States with some of the biggest annual decreases in  foreclosure starts included Oregon (89 percent), Nevada (64 percent), Utah (57  percent), Massachusetts (47 percent), California (42 percent), Arizona (41  percent) and Georgia (31 percent). Recent legislation or court rulings in  Oregon, Nevada, Massachusetts, California and Georgia could be contributing to  a slowdown in those states.


Lenders completed the foreclosure process on 52,380  U.S. properties in August, a 2 percent decline from the previous month and a 19  percent decrease from August 2011 — the 22nd consecutive month with  a year-over-year decline in bank repossessions.

REO activity decreased annually in 35 states and  the District of Columbia. Some of the biggest state REO decreases were in  Nevada (76 percent), Oregon (57 percent), Virginia (56 percent), Washington (46  percent), Utah (46 percent), Massachusetts (43 percent), Pennsylvania (43  percent), and Colorado (43 percent).

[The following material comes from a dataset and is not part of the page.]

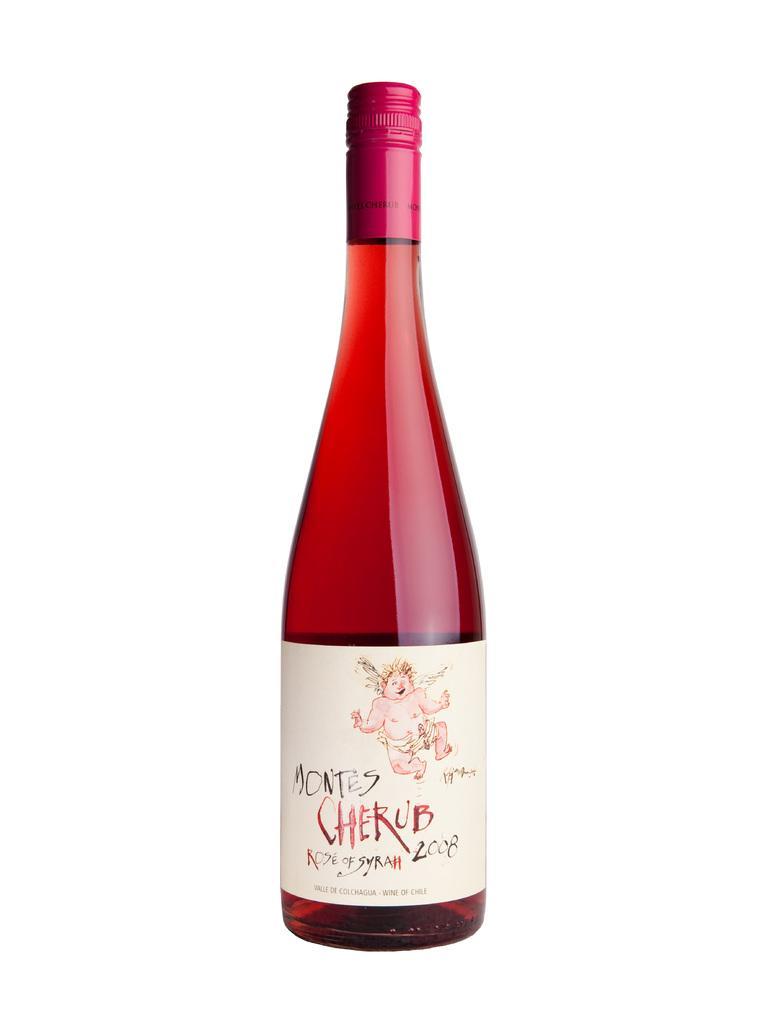Describe this image in one or two sentences. In this picture there is a glass bottle containing a drink, which is sealed and the background is white in color.

States with some of the biggest annual increases in  REO activity included Kentucky (44 percent), Illinois (41 percent), Wisconsin  (32 percent) and Maryland (23 percent).


Illinois posted  the nation’s highest state foreclosure rate in August thanks to a 29 percent  jump in overall foreclosure activity from the previous month. A total of 17,781  Illinois properties had a foreclosure filing in August, one in every 298  housing units and an increase of 42 percent from August 2011. Illinois  foreclosure activity was up across the board — foreclosure starts increased 18  percent annually, scheduled foreclosure auctions were up 116 percent annually,  and bank repossessions were up 41 percent annually. August marked the eighth  consecutive month where Illinois foreclosure activity increased on a  year-over-year basis.

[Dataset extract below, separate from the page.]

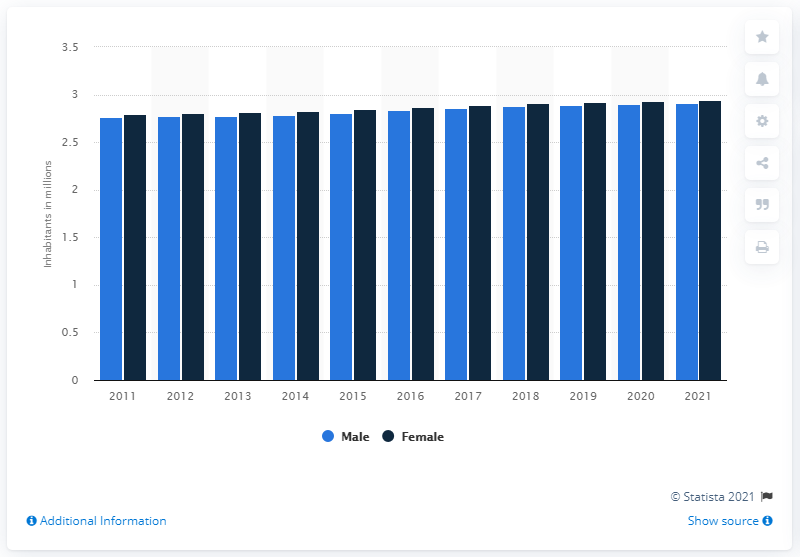Indicate a few pertinent items in this graphic. As of January 1st, 2021, the population of females in Denmark was 2.94 million.

Despite a 32 percent  year-over-year decrease in overall foreclosure activity in August — the ninth  consecutive month with an annual decrease —  California still  posted the nation’s third highest state foreclosure rate. One in every 340  California housing units had a foreclosure filing in August — twice the  national average.

 Florida foreclosure activity in August increased on a year-over-year basis for the seventh time  in the last eight months, helping the state post the nations’ second highest  foreclosure rate: one in every 328 housing units with a foreclosure filing.  Florida foreclosure starts increased 26 percent annually while scheduled  foreclosure auctions were up 4 percent and bank repossessions were up 12  percent.

Other states with  foreclosure rates among the nation’s 10 highest were Arizona (one in every 360  housing units with a foreclosure filing), Nevada (one in 402 housing units),  Georgia (one in 431 housing units), Ohio (one in 556 housing units), Michigan  (one in 593 housing units), Delaware (one in every 610 housing units) and  Colorado (one in every 617 housing units). 


Foreclosure activity in  August increased from the previous month in eight of the 10 cities with the nation’s  highest foreclosure rates among metropolitan areas with a population of 200,000  or more.

Foreclosure activity  increased from the previous month in the California cities of Modesto (14  percent), Merced (50 percent), Bakersfield (62 percent), Fresno (178 percent)  and Chico (87 percent). In Merced, foreclosure activity increased 13 percent  from August 2011 after 33 months of year-over-year decreases.

Other top 10 cities with  an increase in foreclosure activity from the previous month were Chicago (28  percent) and Rockford, Ill. (15 percent) and Miami (49 percent).

Modesto, Calif., posted  the nation’s highest metro foreclosure rate, one in every 172 housing units  with a foreclosure filing in August — nearly four times the national average —  and the top seven metro foreclosure rates were in California.